Text generation method and device, electronic equipment and readable storage medium

Technical Field

The application belongs to the technical field of communication, and particularly relates to a text generation method and device, an electronic device and a readable storage medium.

Background

Text summary in a meeting, a course, etc. scene generally needs to be arranged based on a recorded audio file or a video file. At present, all voice data is generally converted into text data by processing an audio file or a video file, and the generated text is long.

As can be seen, the text generated based on the speech data in the prior art is lengthy.

Disclosure of Invention

An embodiment of the present application provides a text generation method, an apparatus, an electronic device, and a readable storage medium, which can solve the problem in the prior art that a text generated based on voice data is relatively long.

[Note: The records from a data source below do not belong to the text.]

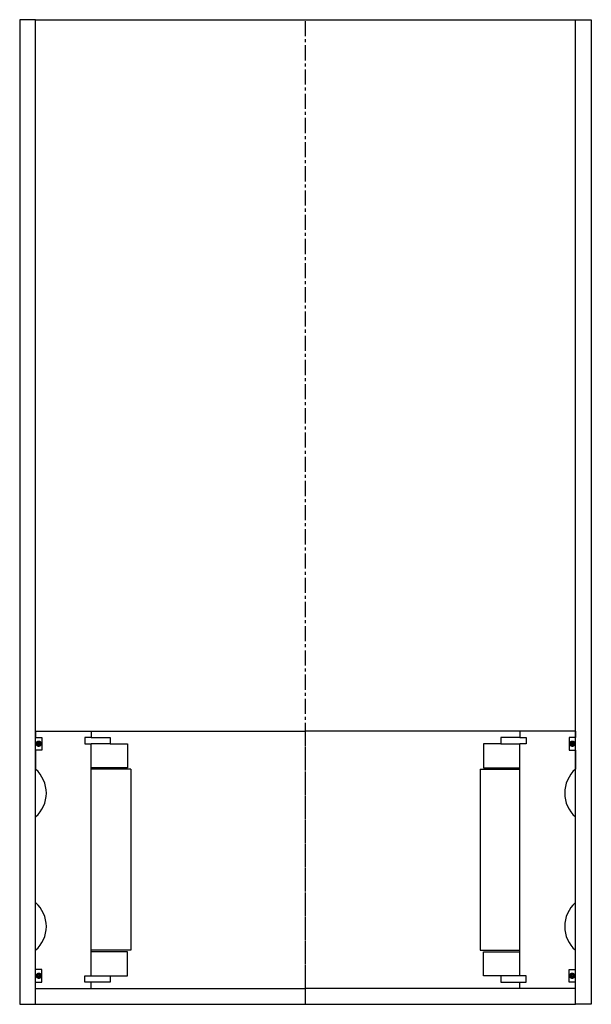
# Model space of a CAD drawing. Extents: x -159 to 21, y -39 to 271.
import ezdxf

# ---------------------------------------------------------------- set-up
doc = ezdxf.new("R2010")
doc.units = 0
doc.header["$LTSCALE"] = 0.15
doc.linetypes.add('CENTER', pattern=[50.8, 31.75, -6.35, 6.35, -6.35])
doc.layers.get('0').update_dxf_attribs({"linetype": 'CONTINUOUS'})
doc.layers.add('CENTER', color=9, linetype='CENTER')

# ---------------------------------------------------------------- blocks, each defined once
blk = doc.blocks.new('6S110180B')
for p, q in [((-85, 40.5), (-67.5, 40.5)), ((-85, 40.5), (-85, 38.5)), ((-67.5, 40.5), (0, 40.5)), ((-67.5, 40.5), (-67.5, 38.5)), ((67.5, 40.5), (0, 40.5)), ((67.5, 40.5), (67.5, 38.5)), ((85, 40.5), (67.5, 40.5)), ((85, 40.5), (85, 38.5)), ((-85, 38.5), (-83, 38.5)), ((-83, 38.5), (-83, 34.5)), ((-67.5, 38.5), (-69.5, 38.5)), ((-69.5, 38.5), (-69.5, 36.5)), ((-67.5, 38.5), (-61.5, 38.5)), ((-61.5, 38.5), (-61.5, 36.5)), ((67.5, 38.5), (61.5, 38.5)), ((61.5, 38.5), (61.5, 36.5)), ((67.5, 38.5), (69.5, 38.5)), ((69.5, 38.5), (69.5, 36.5)), ((85, 38.5), (83, 38.5)), ((83, 38.5), (83, 34.5)), ((-83, 34.5), (-85, 34.5)), ((-85, 34.5), (-85, 28.5)), ((-69.5, 36.5), (-67.5, 36.5)), ((-67.5, -36.5), (-67.5, 36.5)), ((-61.5, 36.5), (-67.5, 36.5)), ((-61.5, 36.5), (-56, 36.5)), ((-56, 36.5), (-56, 29)), ((61.5, 36.5), (56, 36.5)), ((56, 36.5), (56, 29)), ((61.5, 36.5), (67.5, 36.5)), ((69.5, 36.5), (67.5, 36.5)), ((67.5, -36.5), (67.5, 36.5)), ((83, 34.5), (85, 34.5)), ((85, 34.5), (85, 28.5)), ((-56, 29), (-67.5, 29)), ((-55, 28.5), (-67.5, 28.5)), ((-55, 28.5), (-55, -28.5)), ((55, 28.5), (55, -28.5)), ((55, 28.5), (67.5, 28.5)), ((56, 29), (67.5, 29)), ((-85, -13.5), (-85, 13.5)), ((85, -13.5), (85, 13.5)), ((-85, -34.5), (-85, -28.5)), ((-55, -28.5), (-67.5, -28.5)), ((-56, -29), (-67.5, -29)), ((-56, -36.5), (-56, -29)), ((55, -28.5), (67.5, -28.5)), ((56, -36.5), (56, -29)), ((56, -29), (67.5, -29)), ((85, -34.5), (85, -28.5)), ((-83, -34.5), (-85, -34.5)), ((-83, -38.5), (-83, -34.5)), ((-69.5, -38.5), (-69.5, -36.5)), ((-69.5, -36.5), (-67.5, -36.5)), ((-67.5, -36.5), (-61.5, -36.5)), ((-61.5, -36.5), (-61.5, -38.5)), ((-61.5, -36.5), (-56, -36.5)), ((61.5, -36.5), (56, -36.5)), ((67.5, -36.5), (61.5, -36.5)), ((61.5, -36.5), (61.5, -38.5)), ((69.5, -36.5), (67.5, -36.5)), ((69.5, -38.5), (69.5, -36.5)), ((83, -38.5), (83, -34.5)), ((83, -34.5), (85, -34.5)), ((-85, -40.5), (-85, -38.5)), ((-85, -38.5), (-83, -38.5)), ((-67.5, -38.5), (-69.5, -38.5)), ((-67.5, -40.5), (-67.5, -38.5)), ((-61.5, -38.5), (-67.5, -38.5)), ((61.5, -38.5), (67.5, -38.5)), ((67.5, -40.5), (67.5, -38.5)), ((67.5, -38.5), (69.5, -38.5)), ((85, -38.5), (83, -38.5)), ((85, -40.5), (85, -38.5)), ((-85, -40.5), (-67.5, -40.5)), ((-67.5, -40.5), (0, -40.5)), ((67.5, -40.5), (0, -40.5)), ((85, -40.5), (67.5, -40.5))]:
    blk.add_line(p, q)
at = {"const_width": 0.95}
for points in [[(-83.51, 36.54, -1), (-84.56, 36.54, -1)], [(83.51, 36.54, 1), (84.56, 36.54, 1)], [(-83.45, -36.52, -1), (-84.5, -36.52, -1)], [(83.45, -36.52, 1), (84.5, -36.52, 1)]]:
    blk.add_lwpolyline(points, format="xyb", close=True, dxfattribs=at)
for centre, start, end in [((-91.61, 21), 311.4096, 48.5904), ((91.61, 21), 131.4096, 228.5904), ((-91.61, -21), 311.4096, 48.5904), ((91.61, -21), 131.4096, 228.5904)]:
    blk.add_arc(centre, 10, start, end)
at = {"layer": 'CENTER'}
blk.add_line((0, -40.5), (0, 40.5), dxfattribs=at)

msp = doc.modelspace()

# ---------------------------------------------------------------- linework, layer by layer
for p, q in [((-153.66, 271.33), (-158.66, 271.33)), ((-158.66, 271.33), (-158.66, -38.67)), ((-153.66, -38.67), (-153.66, 271.33)), ((-153.66, 271.33), (16.34, 271.33)), ((16.34, -38.67), (16.34, 271.33)), ((16.34, 271.33), (21.34, 271.33)), ((21.34, 271.33), (21.34, -38.67)), ((-158.66, -38.67), (-153.66, -38.67)), ((-153.66, -38.67), (16.34, -38.67)), ((21.34, -38.67), (16.34, -38.67))]:
    msp.add_line(p, q)
at = {"layer": 'CENTER'}
msp.add_line((-68.66, -38.67), (-68.66, 271.33), dxfattribs=at)

# ---------------------------------------------------------------- block references
msp.add_blockref('6S110180B', (-68.66, 6.83))

doc.saveas('drawing.dxf')

In a first aspect, an embodiment of the present application provides a text generation method, where the method includes:

acquiring voice data;

identifying feature information of the voice data, wherein the feature information comprises at least one of tone features and character features;

extracting key voice of the voice data based on the feature information of the voice data;

and displaying a text corresponding to the voice data based on the key voice.

In a second aspect, an embodiment of the present application provides a text generation apparatus, where the apparatus includes:

the acquisition module is used for acquiring voice data;

the recognition module is used for recognizing the characteristic information of the voice data, wherein the characteristic information comprises at least one of tone characteristics and character characteristics;

the extraction module is used for extracting key voice of the voice data based on the characteristic information of the voice data;

and the generating module is used for displaying the text corresponding to the voice data based on the key voice.

In a third aspect, an embodiment of the present application provides an electronic device, which includes a processor, a memory, and a program or instructions stored on the memory and executable on the processor, and when executed by the processor, the program or instructions implement the steps of the method according to the first aspect.

In a fourth aspect, embodiments of the present application provide a readable storage medium, on which a program or instructions are stored, which when executed by a processor implement the steps of the method according to the first aspect.

In a fifth aspect, an embodiment of the present application provides a chip, where the chip includes a processor and a communication interface, where the communication interface is coupled to the processor, and the processor is configured to execute a program or instructions to implement the method according to the first aspect.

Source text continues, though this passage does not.